O acordo comercial entre União Europeia e Mercosul, aprovado nesta sexta-feira (09/01) pelo bloco europeu, pode ter impacto limitado para o agronegócio brasileiro, mas grande relevância geopolítica e institucional para o país. A avaliação é do coordenador do Insper Agro Global, Marcos Jank.
O impacto limitado, segundo ele, deve-se à adoção de salvaguardas, mecanismo que pode anular o efeito das cotas caso haja aumento relevante do comércio.
“Na área da agricultura, é um desastre”, afirmou ao Valor, ao destacar que a carne bovina importada representa apenas uma parcela pequena do mercado europeu, majoritariamente abastecido pela produção interna do bloco.

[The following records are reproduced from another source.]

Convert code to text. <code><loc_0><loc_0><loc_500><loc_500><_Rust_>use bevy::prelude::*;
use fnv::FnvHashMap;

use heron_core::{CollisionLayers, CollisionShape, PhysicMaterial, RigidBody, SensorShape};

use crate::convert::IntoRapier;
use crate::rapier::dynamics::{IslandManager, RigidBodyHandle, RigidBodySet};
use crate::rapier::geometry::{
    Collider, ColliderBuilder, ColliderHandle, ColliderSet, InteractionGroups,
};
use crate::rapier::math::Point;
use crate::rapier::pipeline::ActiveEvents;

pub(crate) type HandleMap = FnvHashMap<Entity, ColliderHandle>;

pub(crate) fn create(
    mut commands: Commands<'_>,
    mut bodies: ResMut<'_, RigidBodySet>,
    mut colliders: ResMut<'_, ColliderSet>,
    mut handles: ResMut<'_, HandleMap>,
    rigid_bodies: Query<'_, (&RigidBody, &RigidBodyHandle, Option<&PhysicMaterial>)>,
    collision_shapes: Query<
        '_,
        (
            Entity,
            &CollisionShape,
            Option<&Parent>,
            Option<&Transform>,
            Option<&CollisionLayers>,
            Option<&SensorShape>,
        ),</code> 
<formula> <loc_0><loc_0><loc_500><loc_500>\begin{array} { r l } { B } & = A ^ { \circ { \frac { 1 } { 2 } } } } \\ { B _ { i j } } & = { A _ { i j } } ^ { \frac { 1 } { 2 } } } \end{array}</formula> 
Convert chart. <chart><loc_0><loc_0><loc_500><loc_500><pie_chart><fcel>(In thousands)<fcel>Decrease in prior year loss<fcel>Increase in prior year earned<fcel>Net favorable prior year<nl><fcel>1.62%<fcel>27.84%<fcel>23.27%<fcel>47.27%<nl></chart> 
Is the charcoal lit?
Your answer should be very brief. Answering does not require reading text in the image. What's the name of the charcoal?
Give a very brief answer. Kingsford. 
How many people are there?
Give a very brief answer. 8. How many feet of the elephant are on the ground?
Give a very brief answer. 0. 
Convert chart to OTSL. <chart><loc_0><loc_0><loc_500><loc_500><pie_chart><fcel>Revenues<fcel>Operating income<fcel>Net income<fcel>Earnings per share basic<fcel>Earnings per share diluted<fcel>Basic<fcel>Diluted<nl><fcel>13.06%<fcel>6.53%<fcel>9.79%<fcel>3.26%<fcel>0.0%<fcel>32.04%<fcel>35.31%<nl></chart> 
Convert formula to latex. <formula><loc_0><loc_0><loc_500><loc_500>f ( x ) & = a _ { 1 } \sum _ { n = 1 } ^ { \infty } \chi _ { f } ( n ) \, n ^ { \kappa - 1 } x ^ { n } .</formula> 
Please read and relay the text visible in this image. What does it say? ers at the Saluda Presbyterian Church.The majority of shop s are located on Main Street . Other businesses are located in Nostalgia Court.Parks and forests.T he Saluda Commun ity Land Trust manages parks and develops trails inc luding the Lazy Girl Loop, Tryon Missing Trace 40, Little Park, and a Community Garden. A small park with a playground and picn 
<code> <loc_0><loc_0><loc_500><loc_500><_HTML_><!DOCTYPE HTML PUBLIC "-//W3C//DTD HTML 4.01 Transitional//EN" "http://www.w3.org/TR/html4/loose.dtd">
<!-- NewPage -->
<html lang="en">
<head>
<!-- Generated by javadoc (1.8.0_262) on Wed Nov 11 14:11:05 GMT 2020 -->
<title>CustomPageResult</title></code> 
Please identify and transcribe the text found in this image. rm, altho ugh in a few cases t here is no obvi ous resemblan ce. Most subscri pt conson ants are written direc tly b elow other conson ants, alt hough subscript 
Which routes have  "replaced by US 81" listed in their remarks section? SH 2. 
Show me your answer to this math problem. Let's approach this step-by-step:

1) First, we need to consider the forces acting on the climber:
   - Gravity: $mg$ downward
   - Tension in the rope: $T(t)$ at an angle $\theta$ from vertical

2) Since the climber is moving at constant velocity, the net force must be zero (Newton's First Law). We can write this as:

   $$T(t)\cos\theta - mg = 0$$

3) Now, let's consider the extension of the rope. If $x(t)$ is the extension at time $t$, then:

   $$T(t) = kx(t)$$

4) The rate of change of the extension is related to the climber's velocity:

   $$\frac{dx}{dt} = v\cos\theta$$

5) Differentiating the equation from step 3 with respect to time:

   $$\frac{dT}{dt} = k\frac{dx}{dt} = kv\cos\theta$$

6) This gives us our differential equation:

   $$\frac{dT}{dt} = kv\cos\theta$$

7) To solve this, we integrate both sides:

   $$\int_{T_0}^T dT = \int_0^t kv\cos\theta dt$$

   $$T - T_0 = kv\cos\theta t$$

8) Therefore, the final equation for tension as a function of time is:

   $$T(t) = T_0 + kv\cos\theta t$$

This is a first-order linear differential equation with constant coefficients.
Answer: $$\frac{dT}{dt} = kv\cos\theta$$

“Na pauta agrícola, o ganho (com o acordo) é ínfimo”, analisa Jank. A grande vantagem do acordo, segundo ele, é que o fato de estar integrado com a Europa fortalece a posição do Brasil no mundo.
“É melhor do que não ter nenhum ‘amigo’. Pelo menos nós temos agora um ‘amigo’ grande, que para alguns setores daqui não é grande coisa, mas que pode nos ajudar nesse mundo agora, que é um mundo tão fragmentado”, resumiu.
Sobre os setores do agro que mais têm a ganhar, o especialista afirma que, em um acordo entre dois blocos econômicos, “os dois lados ganham”.
“Agora, se você for olhar em termos de setores no comércio de bens, eu acho que a gente vai ganhar, principalmente, naquilo que a gente já exporta hoje, que são produtos mais ‘comoditizados’ da agricultura, da mineração, petróleo, etc”, observa.
Na avaliação de Jank, a pauta Mercosul-Europa poderia ser muito maior do que é hoje, e isso vai acontecer à medida que o acordo for sendo implementado, o que deve levar alguns anos.